# Where to get paper t-shirt tags?



## BAD311 (Nov 17, 2007)

I'm about to start selling t-shirts in retail stores. I'm going to purchase a unique UPC bar code for my company that will be used on ALL shirts, no matter the size. So when company A rings it up using the paper tag attached to the shirt, it'll display the price so they can pay.

I need to find a printer who can print approx 1,500 tags up that are 2"x2" full color one side, black/white on the back.

I also need a tool that can be used to punch the plastic ring/wire thing into the t-shirt that will have the tag on it.

Where can I go to get this done at an affordable price?

[media]http://i299.photobucket.com/albums/mm299/prolooksportswear/Misc%20Tags/nba-tshirt-tag.jpg[/media]

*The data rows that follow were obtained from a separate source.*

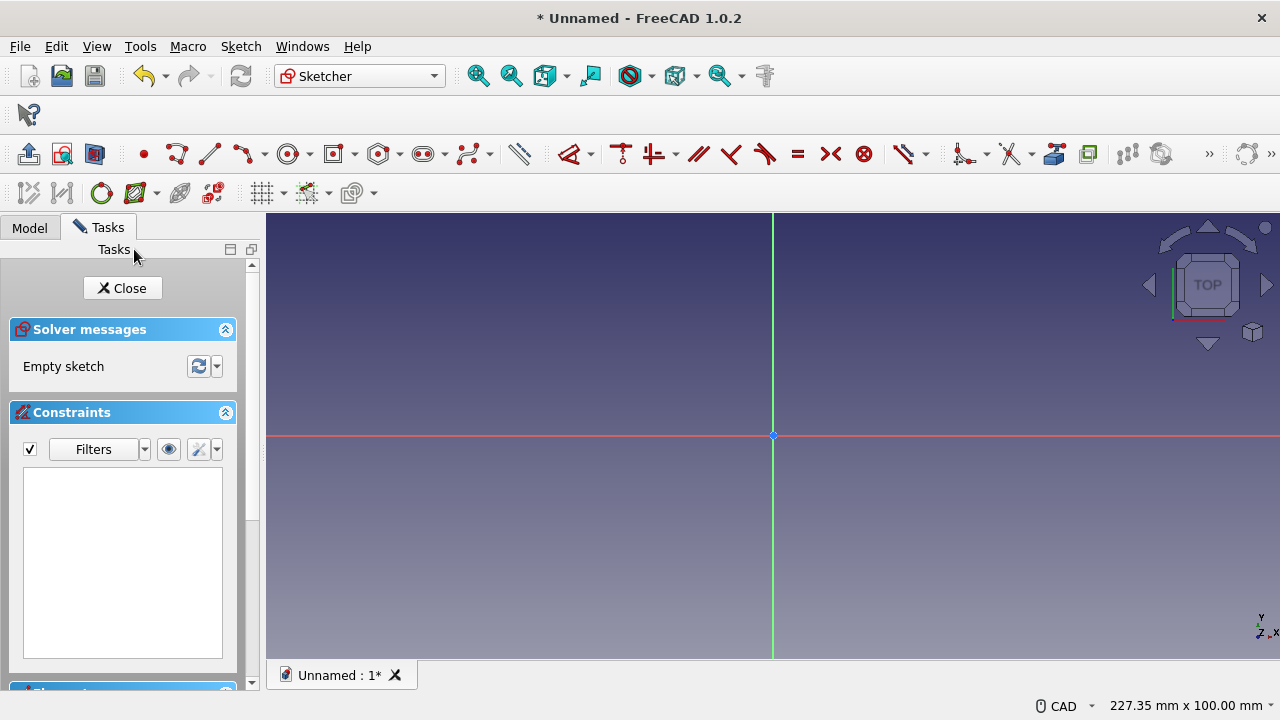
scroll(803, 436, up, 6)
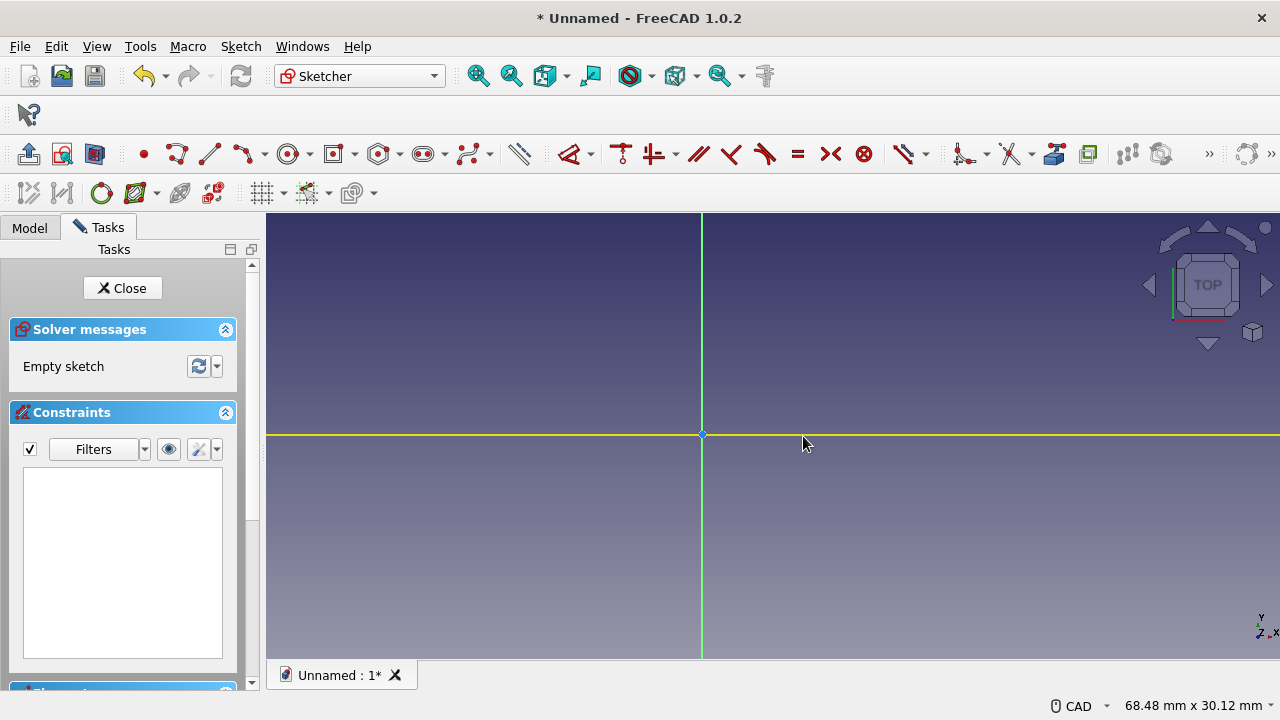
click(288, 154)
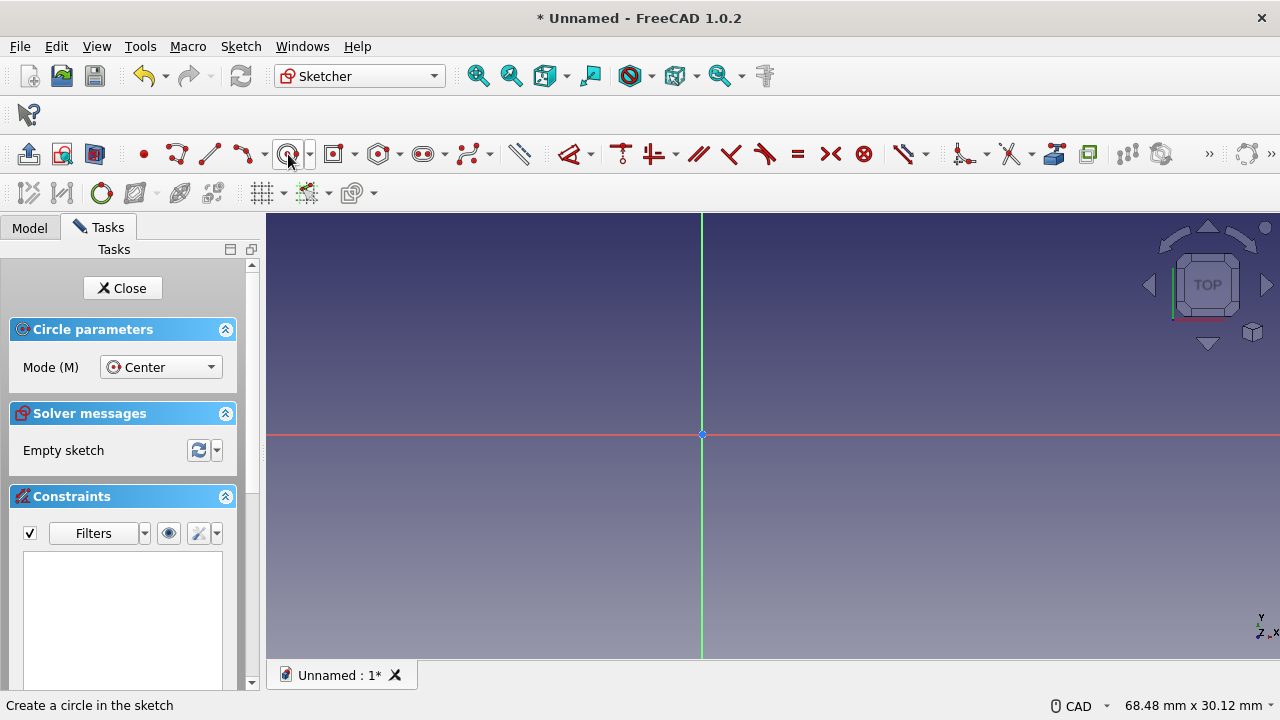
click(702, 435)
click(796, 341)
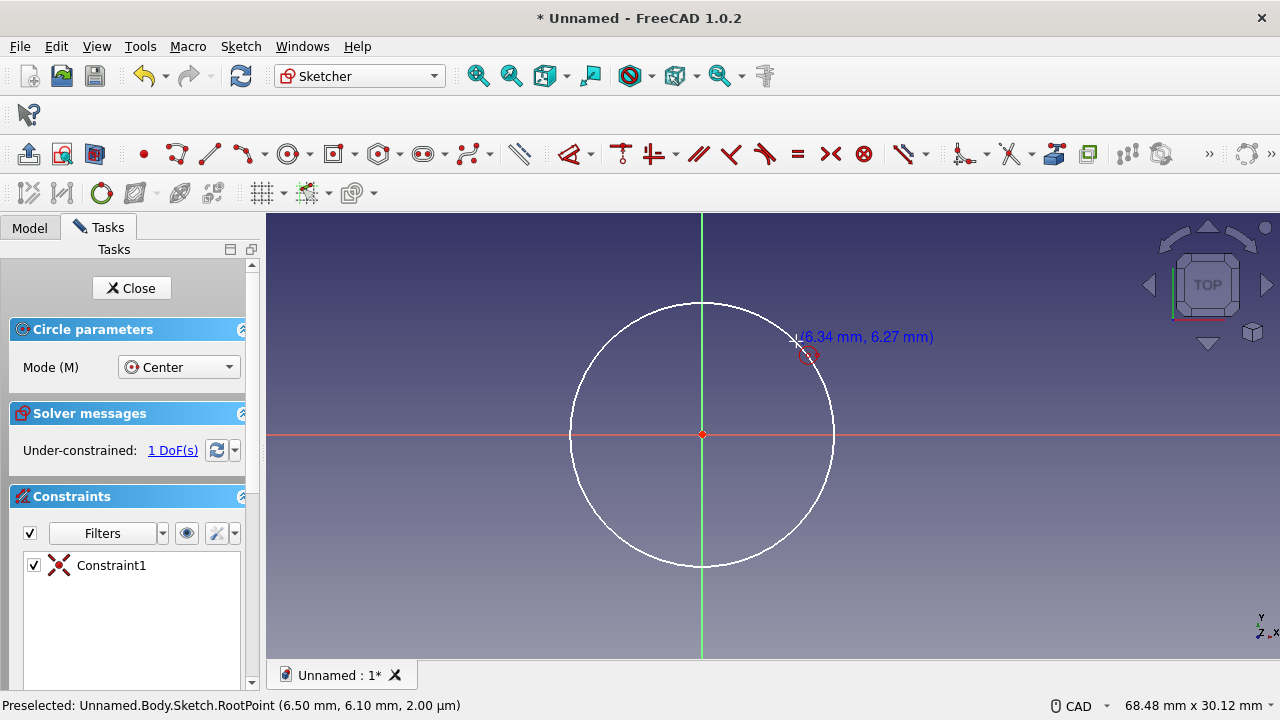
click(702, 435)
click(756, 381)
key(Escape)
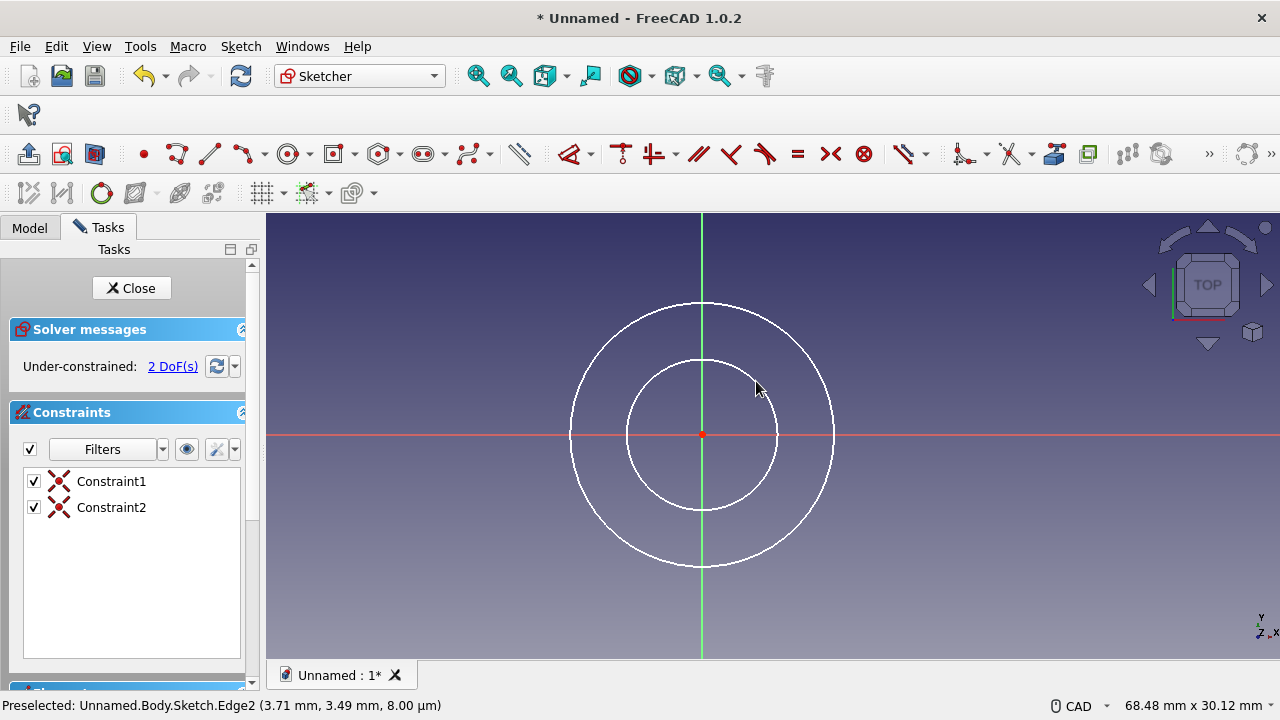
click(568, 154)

Here is an example. Mine will be 2"x2" with that plastic piece that goes into the shirt, pops together and forms a ring... Would be great if anyone knew, thanks!


----------



## Solmu (Aug 15, 2005)

BAD311 said:


> I need to find a printer who can print approx 1,500 tags up that are 2"x2" full color one side, black/white on the back.


Any offset printer, most business card printers, some labelling companies, etc. etc.

There are printers who specialise in hangtags, so you could Google for that, but it's a dead simple job so you wouldn't have to go to a specialist.



BAD311 said:


> I also need a tool that can be used to punch the plastic ring/wire thing into the t-shirt that will have the tag on it.


You can get a tagging gun on eBay for less than ten bucks.

If you're set on the plastic circle variant, not sure if you can get that on eBay or not (probably), but it's worth a look.


----------



## FatKat Printz (Dec 26, 2008)

try customlabels4u.com.. I received some of their samples and they are awesome.

I have yet to use them myself but they seem reasonable.

Good luck


----------



## splathead (Dec 4, 2005)

Talk to your retailers first. Those sophisticated enough to use scanners will want to capture more info from your bar code than just price. They will most certainly will want size, sex, etc. for inventory management.


----------



## BAD311 (Nov 17, 2007)

Hey guys thanks for all the info.

Splathead, that isn't important. I'll be selling them locally, and managing the racks myself (or a friend will for me). We'll keep tabs on inventory on our end. If they sell well, then I will worry about bar codes with that information 

Thanks guys!!! Keep it coming please.


----------